# From Numpy to PyTorch

Numpy provides comprehensive funtionality around mathematical operations on arrays. It is hence a good starting point, but by no means tailored to Machine/Deep Learning. 

There are various big packages (also known as frameworks) that offer functionality specialized in Machine/Deep Learning.

The two most well known ones are **PyTorch** from Meta and **TensorFlow** from Google. In this course, we will work with PyTorch as it provides a good tradeoff between ease of use for academic purposes and scalability to large projects in further reasearch. 

Here, we will examine one of the main features of using a framework such as PyTorch: utilization of the GPU for faster processing, and [Automatic differentiation](https://en.wikipedia.org/wiki/Automatic_differentiation).

The core operation of Deep Learning is matrix multiplication. If we have a way to make this operation as fast as possible that would save us a lot of time. Let's test how much.

We start by initializing two 3D tensors in numpy with shapes `64,768,1024` and `64,2048,512`. Now we want to multiply the last dimensions of these tensors. We will use the command `%timeit` for benchmarking. Note that we will need to switch the order of the dimensions.

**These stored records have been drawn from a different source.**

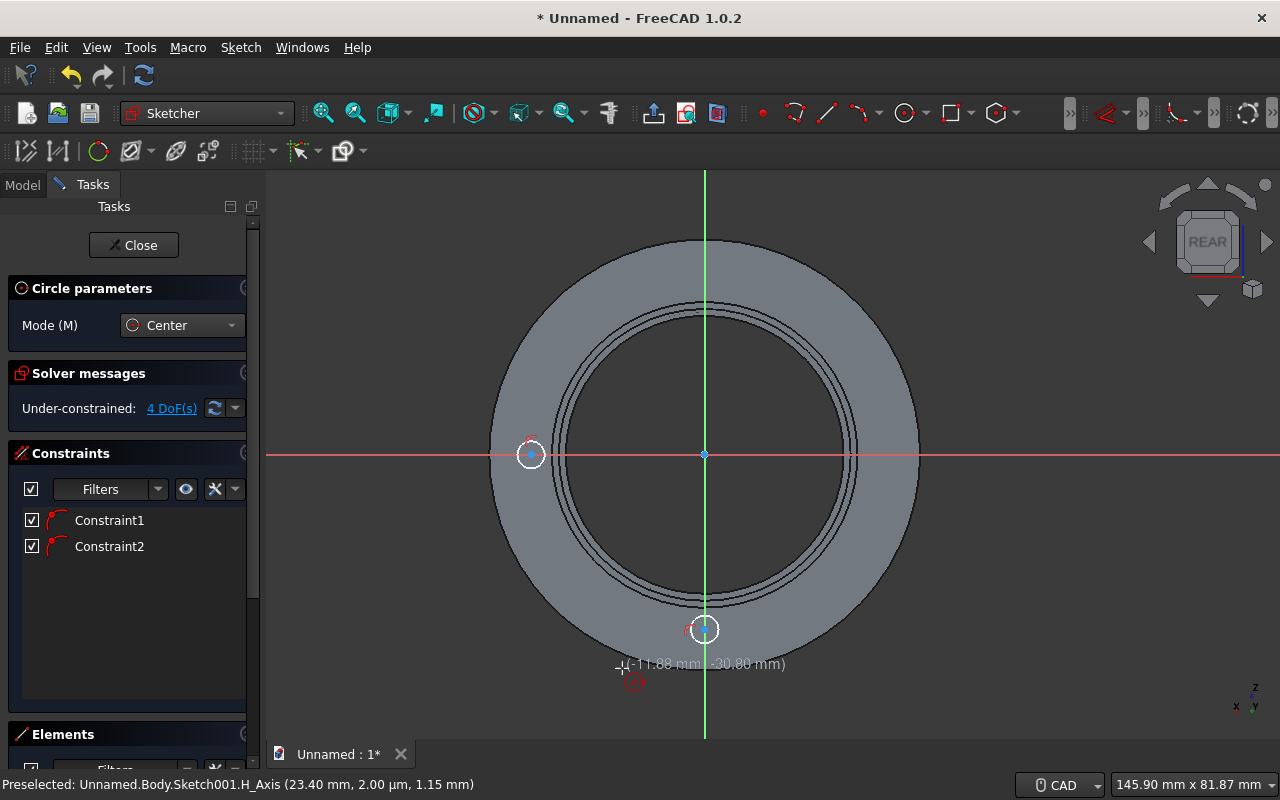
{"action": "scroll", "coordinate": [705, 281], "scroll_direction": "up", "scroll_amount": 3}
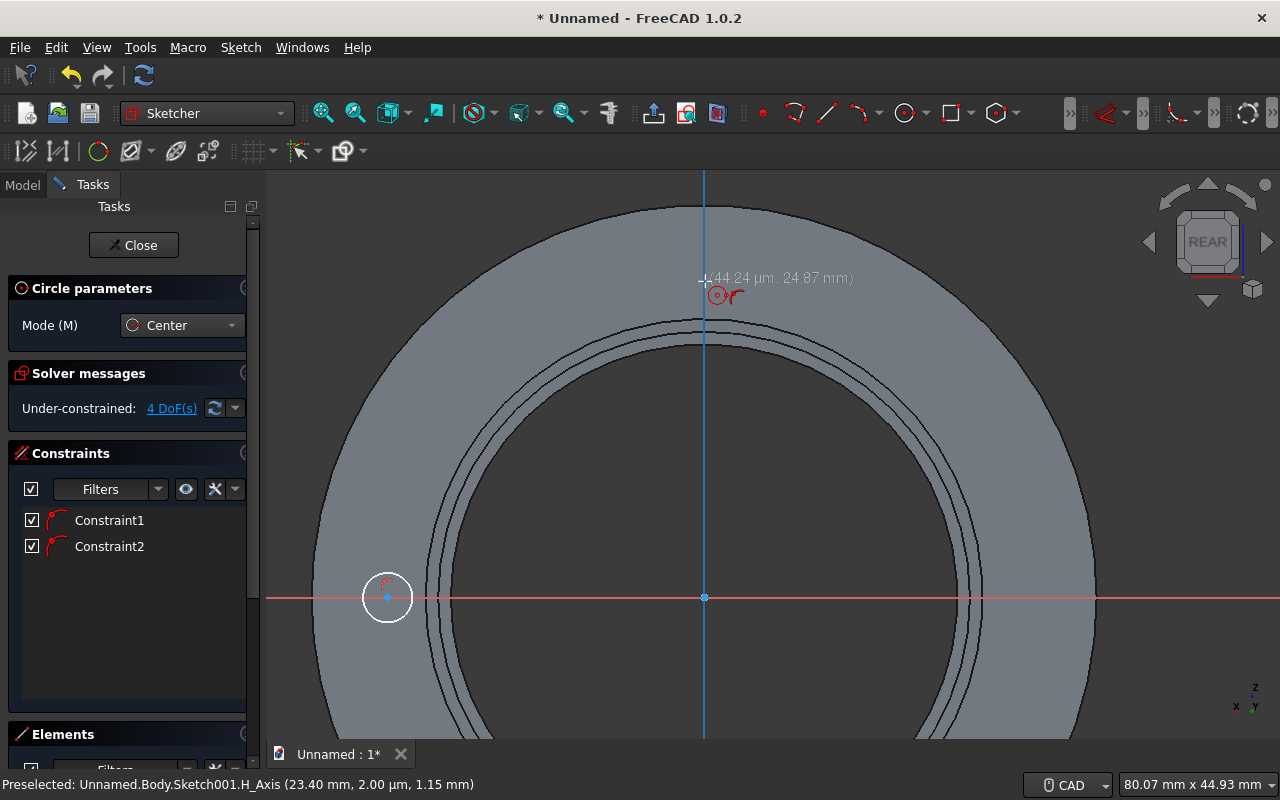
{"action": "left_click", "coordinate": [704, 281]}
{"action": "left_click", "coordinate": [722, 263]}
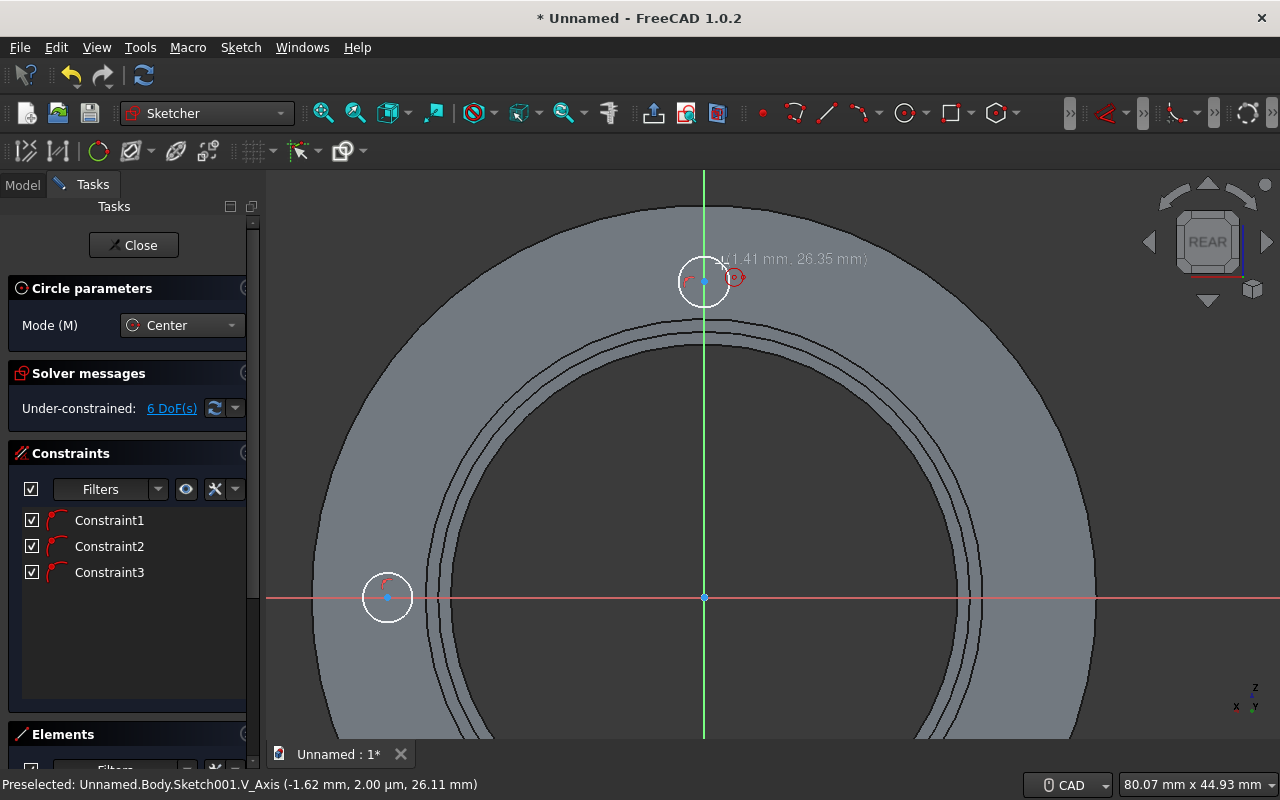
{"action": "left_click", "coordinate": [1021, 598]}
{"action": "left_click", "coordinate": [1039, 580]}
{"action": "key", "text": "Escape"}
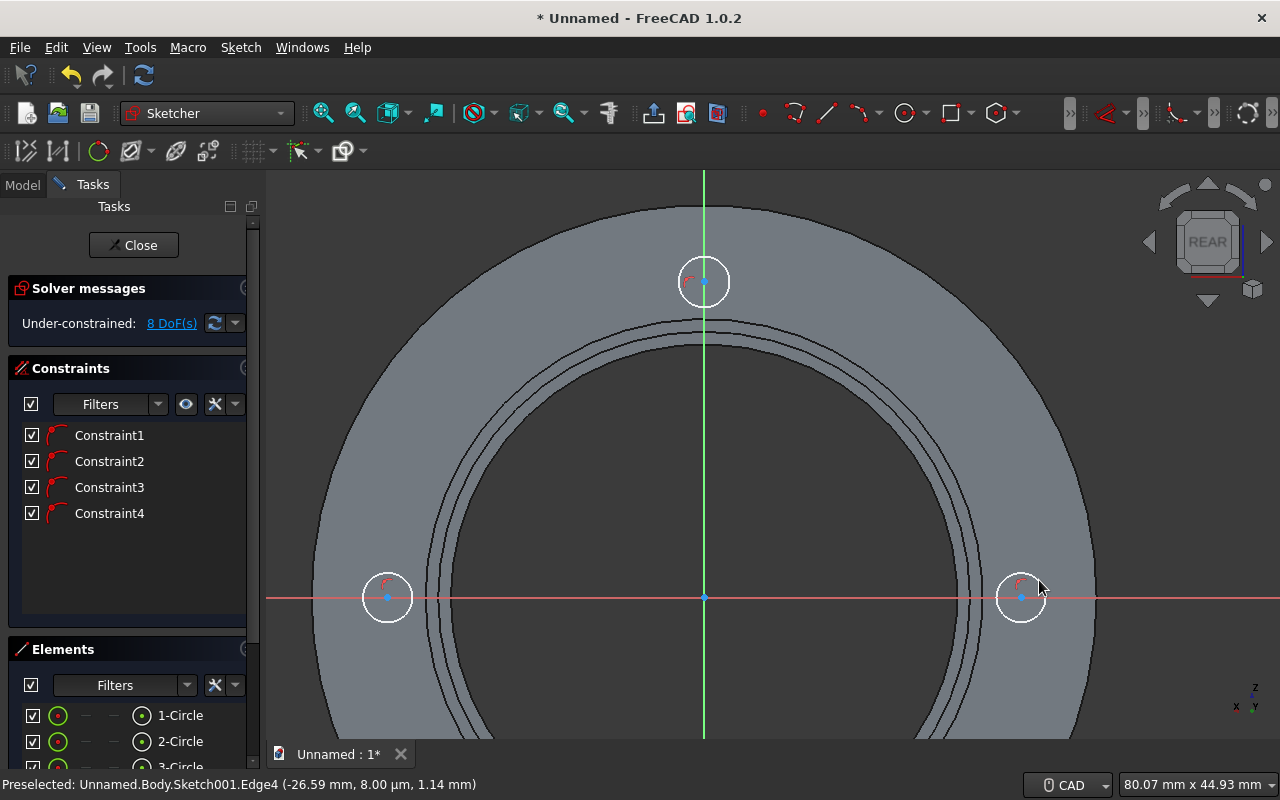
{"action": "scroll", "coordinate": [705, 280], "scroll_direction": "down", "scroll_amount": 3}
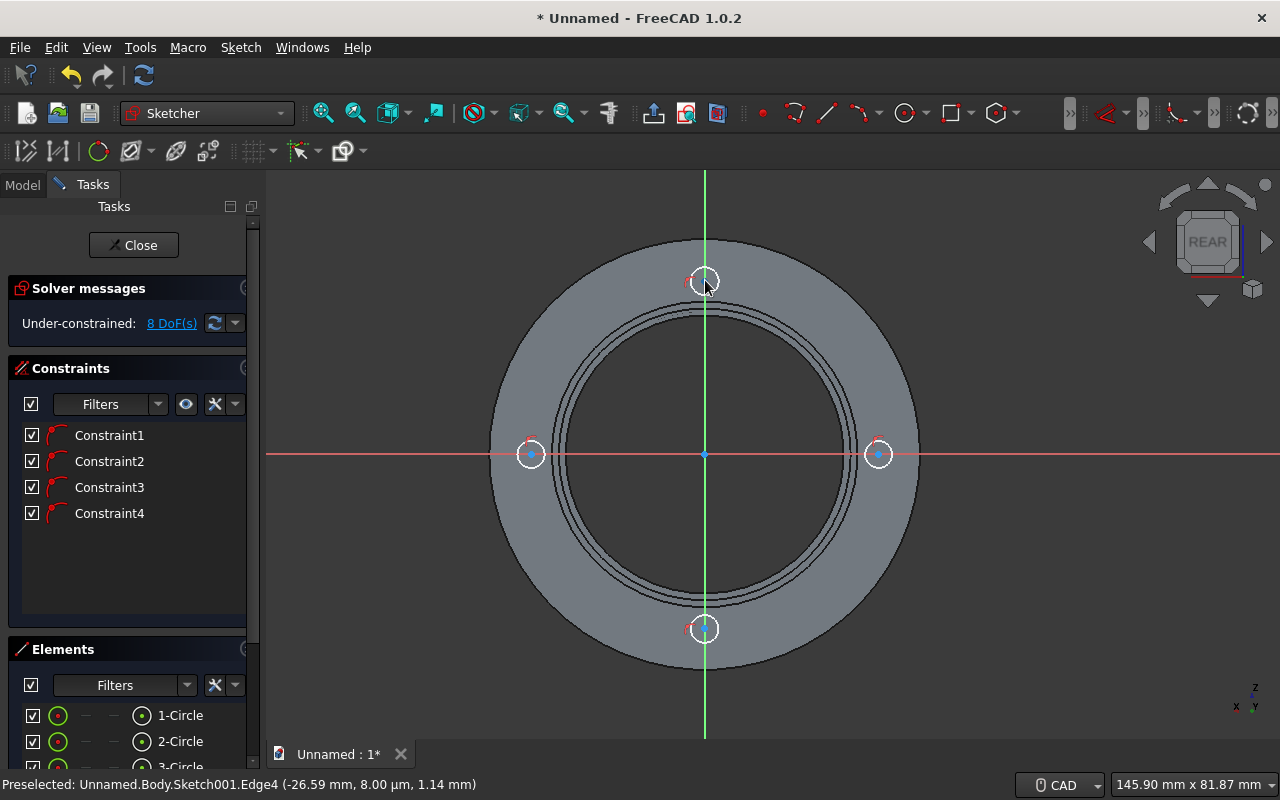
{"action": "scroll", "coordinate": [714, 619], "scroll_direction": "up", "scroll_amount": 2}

**Exercise**: Measure the runtime of the matrix multiplication $a @ b.T$ with the `%timeit` command. 

In [1]:
import numpy as np
import torch

# Initialize the tensors in numpy. To make it fair we are using PyTorchs default precision, float32
a = np.random.rand(10000,1024).astype(np.float32)
b = np.random.rand(5000,1024).astype(np.float32)

### START CODE HERE ### (≈ 1 line of code)
# Perform matrix multiplication and store result to variable c
c = np.matmul(a, b.T)
# alternativly
d = a @ b.T

# check the resulting shape
assert list(c.shape) == [10000,5000]

# repeat the matrix multiplication with the %timeit in fornt of the command
# note works only with ipython notebooks
%timeit c = a @ b.T
### END CODE HERE ###

del a
del b

280 ms ± 3.33 ms per loop (mean ± std. dev. of 7 runs, 1 loop each)


**Expected Output**: `~454 ms ± 19.7 ms per loop`

# Matrix multiplication in pytorch

Now we will execute the same matrix multiplication in pytorch. We will still use the CPU.

**Exercise**: Measure the runtime of the same matrix multiplication in PyTorch with the `%timeit` command. 

In [2]:
# Initialize the tensors in pytorch 
a = torch.rand(10000,1024)
b = torch.rand(5000,1024)

### START CODE HERE ### (≈ 1 line of code)
# Perform matrix multiplication and store result to variable c
c = torch.matmul(a,b.T)
d = a@b.T

assert list(c.shape) == [10000,5000]
print(d.shape, c.shape, torch.sum(c-d))

%timeit c = torch.matmul(a,b.T)
### END CODE HERE ###

torch.Size([10000, 5000]) torch.Size([10000, 5000]) tensor(0.)
670 ms ± 11 ms per loop (mean ± std. dev. of 7 runs, 1 loop each)


**Expected Output**: 
`~703 ms ± 27.6 ms per loop `

# Matrix multiplication in the GPU with pytorch

Now we repeat the same process in the GPU. You can move a tensor to the gpu by calling `a = a.cuda()` or `a = a.to("cuda")`. Similarly, you can move a tensor back to the CPU with `a = a.cpu()`.

The resulting tensor needs to be in the CPU, otherwise `%timeit` gets stuck, since nothing is returned to the CPU.

In [3]:
### START CODE HERE ### (≈ 3 line of code)
a = a.cuda()
b = b.cuda()
%timeit c = (a @ b.T).cpu()
### END CODE HERE ###

37.6 ms ± 584 µs per loop (mean ± std. dev. of 7 runs, 1 loop each)


**Expected Output**: `~41.3 ms ± 195 µs per loop`

# Final notes

The results may slighlty vary based on the hardware. You should see a significant improvement on the speedup of the matrix multiplication. On google colab, I got a speedup of ~7,4 times.

In practice this means that if I could train a deep learning model on the cpu with numpy in 1 week, with the GPU in pytorch I can train it in a single day.